#### WHAT YOU NEED TO DO:
Starting at the line that holds "(Democratic) in 2006 and that in 2012?" and stopping at the line that holds "(Democratic) in 2010 and that in 2012?", restate the records below word for word, with both of those lines included.

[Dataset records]

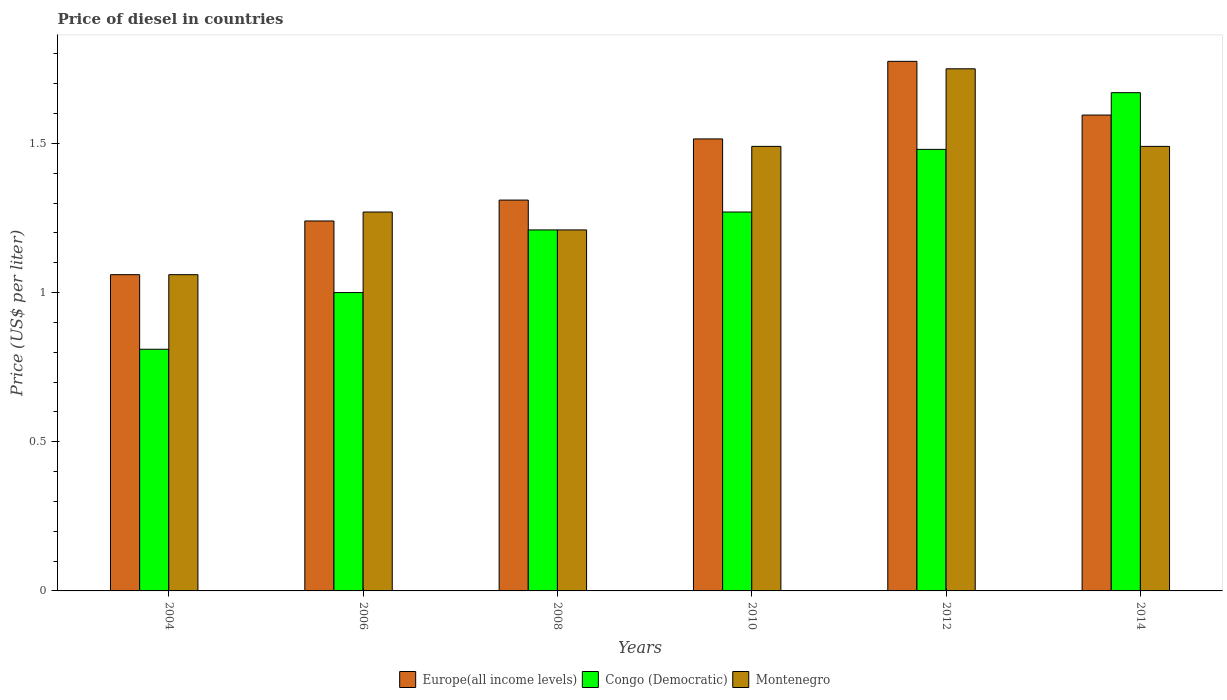How many groups of bars are there?
Your response must be concise. 6. Are the number of bars on each tick of the X-axis equal?
Keep it short and to the point. Yes. What is the price of diesel in Congo (Democratic) in 2004?
Offer a terse response. 0.81. Across all years, what is the maximum price of diesel in Congo (Democratic)?
Ensure brevity in your answer.  1.67. Across all years, what is the minimum price of diesel in Congo (Democratic)?
Keep it short and to the point. 0.81. What is the total price of diesel in Europe(all income levels) in the graph?
Offer a very short reply. 8.5. What is the difference between the price of diesel in Europe(all income levels) in 2006 and that in 2008?
Ensure brevity in your answer.  -0.07. What is the difference between the price of diesel in Congo (Democratic) in 2010 and the price of diesel in Europe(all income levels) in 2006?
Offer a very short reply. 0.03. What is the average price of diesel in Europe(all income levels) per year?
Give a very brief answer. 1.42. In the year 2010, what is the difference between the price of diesel in Congo (Democratic) and price of diesel in Europe(all income levels)?
Make the answer very short. -0.24. In how many years, is the price of diesel in Europe(all income levels) greater than 0.9 US$?
Provide a short and direct response. 6. What is the ratio of the price of diesel in Congo (Democratic) in 2004 to that in 2014?
Offer a very short reply. 0.49. Is the difference between the price of diesel in Congo (Democratic) in 2010 and 2012 greater than the difference between the price of diesel in Europe(all income levels) in 2010 and 2012?
Make the answer very short. Yes. What is the difference between the highest and the second highest price of diesel in Montenegro?
Make the answer very short. 0.26. What is the difference between the highest and the lowest price of diesel in Montenegro?
Give a very brief answer. 0.69. Is the sum of the price of diesel in Montenegro in 2010 and 2012 greater than the maximum price of diesel in Congo (Democratic) across all years?
Offer a very short reply. Yes. What does the 1st bar from the left in 2006 represents?
Provide a short and direct response. Europe(all income levels). What does the 3rd bar from the right in 2008 represents?
Your answer should be very brief. Europe(all income levels). Is it the case that in every year, the sum of the price of diesel in Europe(all income levels) and price of diesel in Congo (Democratic) is greater than the price of diesel in Montenegro?
Offer a very short reply. Yes. Are all the bars in the graph horizontal?
Provide a short and direct response. No. How many years are there in the graph?
Provide a succinct answer. 6. What is the difference between two consecutive major ticks on the Y-axis?
Your response must be concise. 0.5. Are the values on the major ticks of Y-axis written in scientific E-notation?
Your response must be concise. No. Does the graph contain grids?
Your answer should be very brief. No. How many legend labels are there?
Offer a terse response. 3. What is the title of the graph?
Offer a terse response. Price of diesel in countries. Does "India" appear as one of the legend labels in the graph?
Offer a terse response. No. What is the label or title of the Y-axis?
Provide a short and direct response. Price (US$ per liter). What is the Price (US$ per liter) in Europe(all income levels) in 2004?
Offer a terse response. 1.06. What is the Price (US$ per liter) in Congo (Democratic) in 2004?
Give a very brief answer. 0.81. What is the Price (US$ per liter) of Montenegro in 2004?
Your response must be concise. 1.06. What is the Price (US$ per liter) of Europe(all income levels) in 2006?
Ensure brevity in your answer.  1.24. What is the Price (US$ per liter) in Congo (Democratic) in 2006?
Offer a very short reply. 1. What is the Price (US$ per liter) of Montenegro in 2006?
Your answer should be compact. 1.27. What is the Price (US$ per liter) in Europe(all income levels) in 2008?
Your response must be concise. 1.31. What is the Price (US$ per liter) of Congo (Democratic) in 2008?
Your answer should be compact. 1.21. What is the Price (US$ per liter) in Montenegro in 2008?
Ensure brevity in your answer.  1.21. What is the Price (US$ per liter) in Europe(all income levels) in 2010?
Offer a terse response. 1.51. What is the Price (US$ per liter) of Congo (Democratic) in 2010?
Offer a terse response. 1.27. What is the Price (US$ per liter) in Montenegro in 2010?
Your answer should be very brief. 1.49. What is the Price (US$ per liter) of Europe(all income levels) in 2012?
Your answer should be compact. 1.77. What is the Price (US$ per liter) of Congo (Democratic) in 2012?
Make the answer very short. 1.48. What is the Price (US$ per liter) of Montenegro in 2012?
Make the answer very short. 1.75. What is the Price (US$ per liter) in Europe(all income levels) in 2014?
Provide a short and direct response. 1.59. What is the Price (US$ per liter) of Congo (Democratic) in 2014?
Your response must be concise. 1.67. What is the Price (US$ per liter) in Montenegro in 2014?
Give a very brief answer. 1.49. Across all years, what is the maximum Price (US$ per liter) in Europe(all income levels)?
Make the answer very short. 1.77. Across all years, what is the maximum Price (US$ per liter) of Congo (Democratic)?
Your response must be concise. 1.67. Across all years, what is the maximum Price (US$ per liter) of Montenegro?
Keep it short and to the point. 1.75. Across all years, what is the minimum Price (US$ per liter) in Europe(all income levels)?
Give a very brief answer. 1.06. Across all years, what is the minimum Price (US$ per liter) in Congo (Democratic)?
Your answer should be compact. 0.81. Across all years, what is the minimum Price (US$ per liter) of Montenegro?
Your answer should be very brief. 1.06. What is the total Price (US$ per liter) in Europe(all income levels) in the graph?
Make the answer very short. 8.49. What is the total Price (US$ per liter) of Congo (Democratic) in the graph?
Give a very brief answer. 7.44. What is the total Price (US$ per liter) of Montenegro in the graph?
Your answer should be compact. 8.27. What is the difference between the Price (US$ per liter) in Europe(all income levels) in 2004 and that in 2006?
Make the answer very short. -0.18. What is the difference between the Price (US$ per liter) of Congo (Democratic) in 2004 and that in 2006?
Keep it short and to the point. -0.19. What is the difference between the Price (US$ per liter) in Montenegro in 2004 and that in 2006?
Offer a very short reply. -0.21. What is the difference between the Price (US$ per liter) of Europe(all income levels) in 2004 and that in 2008?
Make the answer very short. -0.25. What is the difference between the Price (US$ per liter) in Europe(all income levels) in 2004 and that in 2010?
Make the answer very short. -0.46. What is the difference between the Price (US$ per liter) in Congo (Democratic) in 2004 and that in 2010?
Offer a very short reply. -0.46. What is the difference between the Price (US$ per liter) in Montenegro in 2004 and that in 2010?
Give a very brief answer. -0.43. What is the difference between the Price (US$ per liter) in Europe(all income levels) in 2004 and that in 2012?
Ensure brevity in your answer.  -0.71. What is the difference between the Price (US$ per liter) in Congo (Democratic) in 2004 and that in 2012?
Your answer should be compact. -0.67. What is the difference between the Price (US$ per liter) of Montenegro in 2004 and that in 2012?
Offer a terse response. -0.69. What is the difference between the Price (US$ per liter) of Europe(all income levels) in 2004 and that in 2014?
Offer a terse response. -0.54. What is the difference between the Price (US$ per liter) of Congo (Democratic) in 2004 and that in 2014?
Your response must be concise. -0.86. What is the difference between the Price (US$ per liter) in Montenegro in 2004 and that in 2014?
Offer a very short reply. -0.43. What is the difference between the Price (US$ per liter) in Europe(all income levels) in 2006 and that in 2008?
Make the answer very short. -0.07. What is the difference between the Price (US$ per liter) in Congo (Democratic) in 2006 and that in 2008?
Your answer should be very brief. -0.21. What is the difference between the Price (US$ per liter) in Europe(all income levels) in 2006 and that in 2010?
Keep it short and to the point. -0.28. What is the difference between the Price (US$ per liter) of Congo (Democratic) in 2006 and that in 2010?
Your response must be concise. -0.27. What is the difference between the Price (US$ per liter) in Montenegro in 2006 and that in 2010?
Provide a succinct answer. -0.22. What is the difference between the Price (US$ per liter) of Europe(all income levels) in 2006 and that in 2012?
Your answer should be very brief. -0.54. What is the difference between the Price (US$ per liter) in Congo (Democratic) in 2006 and that in 2012?
Your answer should be very brief. -0.48. What is the difference between the Price (US$ per liter) in Montenegro in 2006 and that in 2012?
Your answer should be compact. -0.48. What is the difference between the Price (US$ per liter) of Europe(all income levels) in 2006 and that in 2014?
Ensure brevity in your answer.  -0.35. What is the difference between the Price (US$ per liter) in Congo (Democratic) in 2006 and that in 2014?
Offer a terse response. -0.67. What is the difference between the Price (US$ per liter) in Montenegro in 2006 and that in 2014?
Offer a terse response. -0.22. What is the difference between the Price (US$ per liter) of Europe(all income levels) in 2008 and that in 2010?
Keep it short and to the point. -0.2. What is the difference between the Price (US$ per liter) of Congo (Democratic) in 2008 and that in 2010?
Your answer should be compact. -0.06. What is the difference between the Price (US$ per liter) of Montenegro in 2008 and that in 2010?
Provide a short and direct response. -0.28. What is the difference between the Price (US$ per liter) in Europe(all income levels) in 2008 and that in 2012?
Your answer should be compact. -0.47. What is the difference between the Price (US$ per liter) of Congo (Democratic) in 2008 and that in 2012?
Provide a succinct answer. -0.27. What is the difference between the Price (US$ per liter) of Montenegro in 2008 and that in 2012?
Your answer should be compact. -0.54. What is the difference between the Price (US$ per liter) in Europe(all income levels) in 2008 and that in 2014?
Your response must be concise. -0.28. What is the difference between the Price (US$ per liter) in Congo (Democratic) in 2008 and that in 2014?
Give a very brief answer. -0.46. What is the difference between the Price (US$ per liter) in Montenegro in 2008 and that in 2014?
Ensure brevity in your answer.  -0.28. What is the difference between the Price (US$ per liter) of Europe(all income levels) in 2010 and that in 2012?
Ensure brevity in your answer.  -0.26. What is the difference between the Price (US$ per liter) in Congo (Democratic) in 2010 and that in 2012?
Your answer should be compact. -0.21. What is the difference between the Price (US$ per liter) in Montenegro in 2010 and that in 2012?
Your answer should be compact. -0.26. What is the difference between the Price (US$ per liter) of Europe(all income levels) in 2010 and that in 2014?
Provide a short and direct response. -0.08. What is the difference between the Price (US$ per liter) of Montenegro in 2010 and that in 2014?
Offer a terse response. 0. What is the difference between the Price (US$ per liter) in Europe(all income levels) in 2012 and that in 2014?
Provide a succinct answer. 0.18. What is the difference between the Price (US$ per liter) of Congo (Democratic) in 2012 and that in 2014?
Provide a succinct answer. -0.19. What is the difference between the Price (US$ per liter) in Montenegro in 2012 and that in 2014?
Give a very brief answer. 0.26. What is the difference between the Price (US$ per liter) of Europe(all income levels) in 2004 and the Price (US$ per liter) of Montenegro in 2006?
Your answer should be compact. -0.21. What is the difference between the Price (US$ per liter) of Congo (Democratic) in 2004 and the Price (US$ per liter) of Montenegro in 2006?
Keep it short and to the point. -0.46. What is the difference between the Price (US$ per liter) of Europe(all income levels) in 2004 and the Price (US$ per liter) of Congo (Democratic) in 2008?
Offer a terse response. -0.15. What is the difference between the Price (US$ per liter) of Congo (Democratic) in 2004 and the Price (US$ per liter) of Montenegro in 2008?
Keep it short and to the point. -0.4. What is the difference between the Price (US$ per liter) in Europe(all income levels) in 2004 and the Price (US$ per liter) in Congo (Democratic) in 2010?
Your answer should be very brief. -0.21. What is the difference between the Price (US$ per liter) of Europe(all income levels) in 2004 and the Price (US$ per liter) of Montenegro in 2010?
Make the answer very short. -0.43. What is the difference between the Price (US$ per liter) of Congo (Democratic) in 2004 and the Price (US$ per liter) of Montenegro in 2010?
Provide a short and direct response. -0.68. What is the difference between the Price (US$ per liter) in Europe(all income levels) in 2004 and the Price (US$ per liter) in Congo (Democratic) in 2012?
Offer a terse response. -0.42. What is the difference between the Price (US$ per liter) of Europe(all income levels) in 2004 and the Price (US$ per liter) of Montenegro in 2012?
Make the answer very short. -0.69. What is the difference between the Price (US$ per liter) in Congo (Democratic) in 2004 and the Price (US$ per liter) in Montenegro in 2012?
Offer a terse response. -0.94. What is the difference between the Price (US$ per liter) in Europe(all income levels) in 2004 and the Price (US$ per liter) in Congo (Democratic) in 2014?
Your response must be concise. -0.61. What is the difference between the Price (US$ per liter) of Europe(all income levels) in 2004 and the Price (US$ per liter) of Montenegro in 2014?
Ensure brevity in your answer.  -0.43. What is the difference between the Price (US$ per liter) in Congo (Democratic) in 2004 and the Price (US$ per liter) in Montenegro in 2014?
Your response must be concise. -0.68. What is the difference between the Price (US$ per liter) of Europe(all income levels) in 2006 and the Price (US$ per liter) of Congo (Democratic) in 2008?
Offer a terse response. 0.03. What is the difference between the Price (US$ per liter) of Europe(all income levels) in 2006 and the Price (US$ per liter) of Montenegro in 2008?
Offer a terse response. 0.03. What is the difference between the Price (US$ per liter) of Congo (Democratic) in 2006 and the Price (US$ per liter) of Montenegro in 2008?
Offer a terse response. -0.21. What is the difference between the Price (US$ per liter) of Europe(all income levels) in 2006 and the Price (US$ per liter) of Congo (Democratic) in 2010?
Your response must be concise. -0.03. What is the difference between the Price (US$ per liter) of Congo (Democratic) in 2006 and the Price (US$ per liter) of Montenegro in 2010?
Your answer should be compact. -0.49. What is the difference between the Price (US$ per liter) of Europe(all income levels) in 2006 and the Price (US$ per liter) of Congo (Democratic) in 2012?
Your answer should be very brief. -0.24. What is the difference between the Price (US$ per liter) of Europe(all income levels) in 2006 and the Price (US$ per liter) of Montenegro in 2012?
Make the answer very short. -0.51. What is the difference between the Price (US$ per liter) of Congo (Democratic) in 2006 and the Price (US$ per liter) of Montenegro in 2012?
Keep it short and to the point. -0.75. What is the difference between the Price (US$ per liter) of Europe(all income levels) in 2006 and the Price (US$ per liter) of Congo (Democratic) in 2014?
Make the answer very short. -0.43. What is the difference between the Price (US$ per liter) in Europe(all income levels) in 2006 and the Price (US$ per liter) in Montenegro in 2014?
Offer a very short reply. -0.25. What is the difference between the Price (US$ per liter) of Congo (Democratic) in 2006 and the Price (US$ per liter) of Montenegro in 2014?
Provide a short and direct response. -0.49. What is the difference between the Price (US$ per liter) in Europe(all income levels) in 2008 and the Price (US$ per liter) in Montenegro in 2010?
Make the answer very short. -0.18. What is the difference between the Price (US$ per liter) in Congo (Democratic) in 2008 and the Price (US$ per liter) in Montenegro in 2010?
Your answer should be compact. -0.28. What is the difference between the Price (US$ per liter) in Europe(all income levels) in 2008 and the Price (US$ per liter) in Congo (Democratic) in 2012?
Provide a succinct answer. -0.17. What is the difference between the Price (US$ per liter) of Europe(all income levels) in 2008 and the Price (US$ per liter) of Montenegro in 2012?
Your answer should be very brief. -0.44. What is the difference between the Price (US$ per liter) in Congo (Democratic) in 2008 and the Price (US$ per liter) in Montenegro in 2012?
Your answer should be very brief. -0.54. What is the difference between the Price (US$ per liter) in Europe(all income levels) in 2008 and the Price (US$ per liter) in Congo (Democratic) in 2014?
Your answer should be very brief. -0.36. What is the difference between the Price (US$ per liter) in Europe(all income levels) in 2008 and the Price (US$ per liter) in Montenegro in 2014?
Provide a short and direct response. -0.18. What is the difference between the Price (US$ per liter) of Congo (Democratic) in 2008 and the Price (US$ per liter) of Montenegro in 2014?
Ensure brevity in your answer.  -0.28. What is the difference between the Price (US$ per liter) in Europe(all income levels) in 2010 and the Price (US$ per liter) in Congo (Democratic) in 2012?
Your answer should be very brief. 0.04. What is the difference between the Price (US$ per liter) of Europe(all income levels) in 2010 and the Price (US$ per liter) of Montenegro in 2012?
Your answer should be compact. -0.23. What is the difference between the Price (US$ per liter) in Congo (Democratic) in 2010 and the Price (US$ per liter) in Montenegro in 2012?
Make the answer very short. -0.48. What is the difference between the Price (US$ per liter) in Europe(all income levels) in 2010 and the Price (US$ per liter) in Congo (Democratic) in 2014?
Give a very brief answer. -0.15. What is the difference between the Price (US$ per liter) in Europe(all income levels) in 2010 and the Price (US$ per liter) in Montenegro in 2014?
Give a very brief answer. 0.03. What is the difference between the Price (US$ per liter) in Congo (Democratic) in 2010 and the Price (US$ per liter) in Montenegro in 2014?
Offer a very short reply. -0.22. What is the difference between the Price (US$ per liter) in Europe(all income levels) in 2012 and the Price (US$ per liter) in Congo (Democratic) in 2014?
Offer a terse response. 0.1. What is the difference between the Price (US$ per liter) in Europe(all income levels) in 2012 and the Price (US$ per liter) in Montenegro in 2014?
Provide a short and direct response. 0.28. What is the difference between the Price (US$ per liter) in Congo (Democratic) in 2012 and the Price (US$ per liter) in Montenegro in 2014?
Ensure brevity in your answer.  -0.01. What is the average Price (US$ per liter) in Europe(all income levels) per year?
Provide a succinct answer. 1.42. What is the average Price (US$ per liter) of Congo (Democratic) per year?
Ensure brevity in your answer.  1.24. What is the average Price (US$ per liter) in Montenegro per year?
Offer a very short reply. 1.38. In the year 2004, what is the difference between the Price (US$ per liter) of Europe(all income levels) and Price (US$ per liter) of Congo (Democratic)?
Provide a succinct answer. 0.25. In the year 2004, what is the difference between the Price (US$ per liter) of Europe(all income levels) and Price (US$ per liter) of Montenegro?
Ensure brevity in your answer.  0. In the year 2004, what is the difference between the Price (US$ per liter) in Congo (Democratic) and Price (US$ per liter) in Montenegro?
Ensure brevity in your answer.  -0.25. In the year 2006, what is the difference between the Price (US$ per liter) in Europe(all income levels) and Price (US$ per liter) in Congo (Democratic)?
Offer a very short reply. 0.24. In the year 2006, what is the difference between the Price (US$ per liter) of Europe(all income levels) and Price (US$ per liter) of Montenegro?
Keep it short and to the point. -0.03. In the year 2006, what is the difference between the Price (US$ per liter) of Congo (Democratic) and Price (US$ per liter) of Montenegro?
Provide a short and direct response. -0.27. In the year 2008, what is the difference between the Price (US$ per liter) of Europe(all income levels) and Price (US$ per liter) of Congo (Democratic)?
Provide a succinct answer. 0.1. In the year 2010, what is the difference between the Price (US$ per liter) in Europe(all income levels) and Price (US$ per liter) in Congo (Democratic)?
Your response must be concise. 0.24. In the year 2010, what is the difference between the Price (US$ per liter) in Europe(all income levels) and Price (US$ per liter) in Montenegro?
Provide a succinct answer. 0.03. In the year 2010, what is the difference between the Price (US$ per liter) in Congo (Democratic) and Price (US$ per liter) in Montenegro?
Keep it short and to the point. -0.22. In the year 2012, what is the difference between the Price (US$ per liter) in Europe(all income levels) and Price (US$ per liter) in Congo (Democratic)?
Your answer should be very brief. 0.29. In the year 2012, what is the difference between the Price (US$ per liter) of Europe(all income levels) and Price (US$ per liter) of Montenegro?
Provide a succinct answer. 0.03. In the year 2012, what is the difference between the Price (US$ per liter) in Congo (Democratic) and Price (US$ per liter) in Montenegro?
Your response must be concise. -0.27. In the year 2014, what is the difference between the Price (US$ per liter) in Europe(all income levels) and Price (US$ per liter) in Congo (Democratic)?
Your answer should be compact. -0.07. In the year 2014, what is the difference between the Price (US$ per liter) in Europe(all income levels) and Price (US$ per liter) in Montenegro?
Offer a terse response. 0.1. In the year 2014, what is the difference between the Price (US$ per liter) in Congo (Democratic) and Price (US$ per liter) in Montenegro?
Ensure brevity in your answer.  0.18. What is the ratio of the Price (US$ per liter) of Europe(all income levels) in 2004 to that in 2006?
Provide a short and direct response. 0.85. What is the ratio of the Price (US$ per liter) in Congo (Democratic) in 2004 to that in 2006?
Give a very brief answer. 0.81. What is the ratio of the Price (US$ per liter) in Montenegro in 2004 to that in 2006?
Give a very brief answer. 0.83. What is the ratio of the Price (US$ per liter) of Europe(all income levels) in 2004 to that in 2008?
Keep it short and to the point. 0.81. What is the ratio of the Price (US$ per liter) in Congo (Democratic) in 2004 to that in 2008?
Keep it short and to the point. 0.67. What is the ratio of the Price (US$ per liter) in Montenegro in 2004 to that in 2008?
Your answer should be very brief. 0.88. What is the ratio of the Price (US$ per liter) in Europe(all income levels) in 2004 to that in 2010?
Provide a short and direct response. 0.7. What is the ratio of the Price (US$ per liter) of Congo (Democratic) in 2004 to that in 2010?
Offer a very short reply. 0.64. What is the ratio of the Price (US$ per liter) in Montenegro in 2004 to that in 2010?
Offer a terse response. 0.71. What is the ratio of the Price (US$ per liter) of Europe(all income levels) in 2004 to that in 2012?
Ensure brevity in your answer.  0.6. What is the ratio of the Price (US$ per liter) in Congo (Democratic) in 2004 to that in 2012?
Make the answer very short. 0.55. What is the ratio of the Price (US$ per liter) of Montenegro in 2004 to that in 2012?
Offer a terse response. 0.61. What is the ratio of the Price (US$ per liter) of Europe(all income levels) in 2004 to that in 2014?
Ensure brevity in your answer.  0.66. What is the ratio of the Price (US$ per liter) of Congo (Democratic) in 2004 to that in 2014?
Your answer should be compact. 0.48. What is the ratio of the Price (US$ per liter) in Montenegro in 2004 to that in 2014?
Your answer should be very brief. 0.71. What is the ratio of the Price (US$ per liter) in Europe(all income levels) in 2006 to that in 2008?
Give a very brief answer. 0.95. What is the ratio of the Price (US$ per liter) of Congo (Democratic) in 2006 to that in 2008?
Offer a terse response. 0.83. What is the ratio of the Price (US$ per liter) of Montenegro in 2006 to that in 2008?
Offer a terse response. 1.05. What is the ratio of the Price (US$ per liter) of Europe(all income levels) in 2006 to that in 2010?
Make the answer very short. 0.82. What is the ratio of the Price (US$ per liter) in Congo (Democratic) in 2006 to that in 2010?
Make the answer very short. 0.79. What is the ratio of the Price (US$ per liter) of Montenegro in 2006 to that in 2010?
Your response must be concise. 0.85. What is the ratio of the Price (US$ per liter) of Europe(all income levels) in 2006 to that in 2012?
Your response must be concise. 0.7. What is the ratio of the Price (US$ per liter) of Congo (Democratic) in 2006 to that in 2012?
Offer a terse response. 0.68. What is the ratio of the Price (US$ per liter) of Montenegro in 2006 to that in 2012?
Make the answer very short. 0.73. What is the ratio of the Price (US$ per liter) in Europe(all income levels) in 2006 to that in 2014?
Provide a short and direct response. 0.78. What is the ratio of the Price (US$ per liter) in Congo (Democratic) in 2006 to that in 2014?
Your answer should be compact. 0.6. What is the ratio of the Price (US$ per liter) of Montenegro in 2006 to that in 2014?
Your answer should be compact. 0.85. What is the ratio of the Price (US$ per liter) in Europe(all income levels) in 2008 to that in 2010?
Provide a short and direct response. 0.86. What is the ratio of the Price (US$ per liter) of Congo (Democratic) in 2008 to that in 2010?
Give a very brief answer. 0.95. What is the ratio of the Price (US$ per liter) in Montenegro in 2008 to that in 2010?
Your answer should be compact. 0.81. What is the ratio of the Price (US$ per liter) in Europe(all income levels) in 2008 to that in 2012?
Offer a terse response. 0.74. What is the ratio of the Price (US$ per liter) in Congo (Democratic) in 2008 to that in 2012?
Your answer should be very brief. 0.82. What is the ratio of the Price (US$ per liter) of Montenegro in 2008 to that in 2012?
Provide a short and direct response. 0.69. What is the ratio of the Price (US$ per liter) in Europe(all income levels) in 2008 to that in 2014?
Your answer should be compact. 0.82. What is the ratio of the Price (US$ per liter) in Congo (Democratic) in 2008 to that in 2014?
Provide a succinct answer. 0.72. What is the ratio of the Price (US$ per liter) in Montenegro in 2008 to that in 2014?
Make the answer very short. 0.81. What is the ratio of the Price (US$ per liter) in Europe(all income levels) in 2010 to that in 2012?
Keep it short and to the point. 0.85. What is the ratio of the Price (US$ per liter) of Congo (Democratic) in 2010 to that in 2012?
Provide a succinct answer. 0.86. What is the ratio of the Price (US$ per liter) in Montenegro in 2010 to that in 2012?
Keep it short and to the point. 0.85. What is the ratio of the Price (US$ per liter) of Europe(all income levels) in 2010 to that in 2014?
Keep it short and to the point. 0.95. What is the ratio of the Price (US$ per liter) of Congo (Democratic) in 2010 to that in 2014?
Offer a terse response. 0.76. What is the ratio of the Price (US$ per liter) in Europe(all income levels) in 2012 to that in 2014?
Offer a very short reply. 1.11. What is the ratio of the Price (US$ per liter) in Congo (Democratic) in 2012 to that in 2014?
Offer a terse response. 0.89. What is the ratio of the Price (US$ per liter) of Montenegro in 2012 to that in 2014?
Your response must be concise. 1.17. What is the difference between the highest and the second highest Price (US$ per liter) of Europe(all income levels)?
Provide a succinct answer. 0.18. What is the difference between the highest and the second highest Price (US$ per liter) in Congo (Democratic)?
Ensure brevity in your answer.  0.19. What is the difference between the highest and the second highest Price (US$ per liter) of Montenegro?
Make the answer very short. 0.26. What is the difference between the highest and the lowest Price (US$ per liter) of Europe(all income levels)?
Ensure brevity in your answer.  0.71. What is the difference between the highest and the lowest Price (US$ per liter) of Congo (Democratic)?
Your answer should be compact. 0.86. What is the difference between the highest and the lowest Price (US$ per liter) in Montenegro?
Your answer should be compact. 0.69.

#### FINISHED TASK:
Your answer should be very brief. -0.54. What is the difference between the Price (US$ per liter) in Congo (Democratic) in 2006 and that in 2012?
Your answer should be very brief. -0.48. What is the difference between the Price (US$ per liter) in Montenegro in 2006 and that in 2012?
Your answer should be compact. -0.48. What is the difference between the Price (US$ per liter) of Europe(all income levels) in 2006 and that in 2014?
Ensure brevity in your answer.  -0.35. What is the difference between the Price (US$ per liter) in Congo (Democratic) in 2006 and that in 2014?
Offer a terse response. -0.67. What is the difference between the Price (US$ per liter) in Montenegro in 2006 and that in 2014?
Offer a terse response. -0.22. What is the difference between the Price (US$ per liter) of Europe(all income levels) in 2008 and that in 2010?
Keep it short and to the point. -0.2. What is the difference between the Price (US$ per liter) of Congo (Democratic) in 2008 and that in 2010?
Your answer should be compact. -0.06. What is the difference between the Price (US$ per liter) of Montenegro in 2008 and that in 2010?
Provide a short and direct response. -0.28. What is the difference between the Price (US$ per liter) in Europe(all income levels) in 2008 and that in 2012?
Your answer should be compact. -0.47. What is the difference between the Price (US$ per liter) of Congo (Democratic) in 2008 and that in 2012?
Provide a succinct answer. -0.27. What is the difference between the Price (US$ per liter) of Montenegro in 2008 and that in 2012?
Your answer should be compact. -0.54. What is the difference between the Price (US$ per liter) in Europe(all income levels) in 2008 and that in 2014?
Your response must be concise. -0.28. What is the difference between the Price (US$ per liter) in Congo (Democratic) in 2008 and that in 2014?
Give a very brief answer. -0.46. What is the difference between the Price (US$ per liter) in Montenegro in 2008 and that in 2014?
Ensure brevity in your answer.  -0.28. What is the difference between the Price (US$ per liter) of Europe(all income levels) in 2010 and that in 2012?
Ensure brevity in your answer.  -0.26. What is the difference between the Price (US$ per liter) in Congo (Democratic) in 2010 and that in 2012?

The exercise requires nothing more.